▶ _Work request_:
Below are the records; give again exactly the line with "Answer: Dark, clear", the line with "Is there any other", and each line that lies between them, and nothing besides.

____ Material provided

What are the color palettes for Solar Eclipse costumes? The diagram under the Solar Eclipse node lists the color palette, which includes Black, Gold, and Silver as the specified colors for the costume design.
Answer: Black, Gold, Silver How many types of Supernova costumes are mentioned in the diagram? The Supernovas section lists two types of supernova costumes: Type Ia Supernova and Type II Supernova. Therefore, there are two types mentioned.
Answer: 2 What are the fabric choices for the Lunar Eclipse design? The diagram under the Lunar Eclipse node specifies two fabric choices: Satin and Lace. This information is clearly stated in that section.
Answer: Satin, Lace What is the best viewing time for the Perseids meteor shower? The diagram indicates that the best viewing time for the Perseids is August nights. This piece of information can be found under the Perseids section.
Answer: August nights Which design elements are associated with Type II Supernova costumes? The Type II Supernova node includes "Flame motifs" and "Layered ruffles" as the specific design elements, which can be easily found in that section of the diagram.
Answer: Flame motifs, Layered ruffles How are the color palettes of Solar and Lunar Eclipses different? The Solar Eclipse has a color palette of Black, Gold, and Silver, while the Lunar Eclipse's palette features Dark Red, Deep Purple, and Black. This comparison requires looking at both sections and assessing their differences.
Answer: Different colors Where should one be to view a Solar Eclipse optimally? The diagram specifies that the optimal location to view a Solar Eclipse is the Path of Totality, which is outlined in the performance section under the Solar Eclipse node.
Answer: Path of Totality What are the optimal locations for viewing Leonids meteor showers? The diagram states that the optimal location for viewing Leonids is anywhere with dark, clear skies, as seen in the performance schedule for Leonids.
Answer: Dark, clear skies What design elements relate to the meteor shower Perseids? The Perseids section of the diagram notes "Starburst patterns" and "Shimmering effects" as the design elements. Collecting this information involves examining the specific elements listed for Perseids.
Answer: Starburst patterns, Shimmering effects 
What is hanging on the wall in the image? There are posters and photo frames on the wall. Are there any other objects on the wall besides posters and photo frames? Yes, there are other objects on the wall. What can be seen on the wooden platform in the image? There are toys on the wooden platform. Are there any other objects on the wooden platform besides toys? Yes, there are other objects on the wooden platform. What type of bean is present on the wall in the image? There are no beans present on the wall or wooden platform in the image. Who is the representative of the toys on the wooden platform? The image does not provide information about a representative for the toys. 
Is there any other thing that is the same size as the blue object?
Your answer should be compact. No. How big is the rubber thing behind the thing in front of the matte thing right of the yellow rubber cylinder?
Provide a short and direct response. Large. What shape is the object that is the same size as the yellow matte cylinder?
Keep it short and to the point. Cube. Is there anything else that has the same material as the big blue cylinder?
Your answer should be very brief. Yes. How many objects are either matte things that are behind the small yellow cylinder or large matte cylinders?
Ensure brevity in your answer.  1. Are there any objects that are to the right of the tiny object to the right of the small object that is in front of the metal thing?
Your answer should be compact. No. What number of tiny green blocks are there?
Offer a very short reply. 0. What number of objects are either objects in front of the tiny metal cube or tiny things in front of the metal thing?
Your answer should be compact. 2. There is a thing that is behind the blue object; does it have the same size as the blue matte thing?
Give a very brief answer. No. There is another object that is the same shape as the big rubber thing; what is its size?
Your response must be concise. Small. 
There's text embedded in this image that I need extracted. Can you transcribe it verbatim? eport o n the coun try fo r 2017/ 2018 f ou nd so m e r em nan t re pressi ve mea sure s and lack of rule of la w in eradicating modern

________

▶ _Reply to the exercise_:
Answer: Dark, clear skies What design elements relate to the meteor shower Perseids? The Perseids section of the diagram notes "Starburst patterns" and "Shimmering effects" as the design elements. Collecting this information involves examining the specific elements listed for Perseids.
Answer: Starburst patterns, Shimmering effects 
What is hanging on the wall in the image? There are posters and photo frames on the wall. Are there any other objects on the wall besides posters and photo frames? Yes, there are other objects on the wall. What can be seen on the wooden platform in the image? There are toys on the wooden platform. Are there any other objects on the wooden platform besides toys? Yes, there are other objects on the wooden platform. What type of bean is present on the wall in the image? There are no beans present on the wall or wooden platform in the image. Who is the representative of the toys on the wooden platform? The image does not provide information about a representative for the toys. 
Is there any other thing that is the same size as the blue object?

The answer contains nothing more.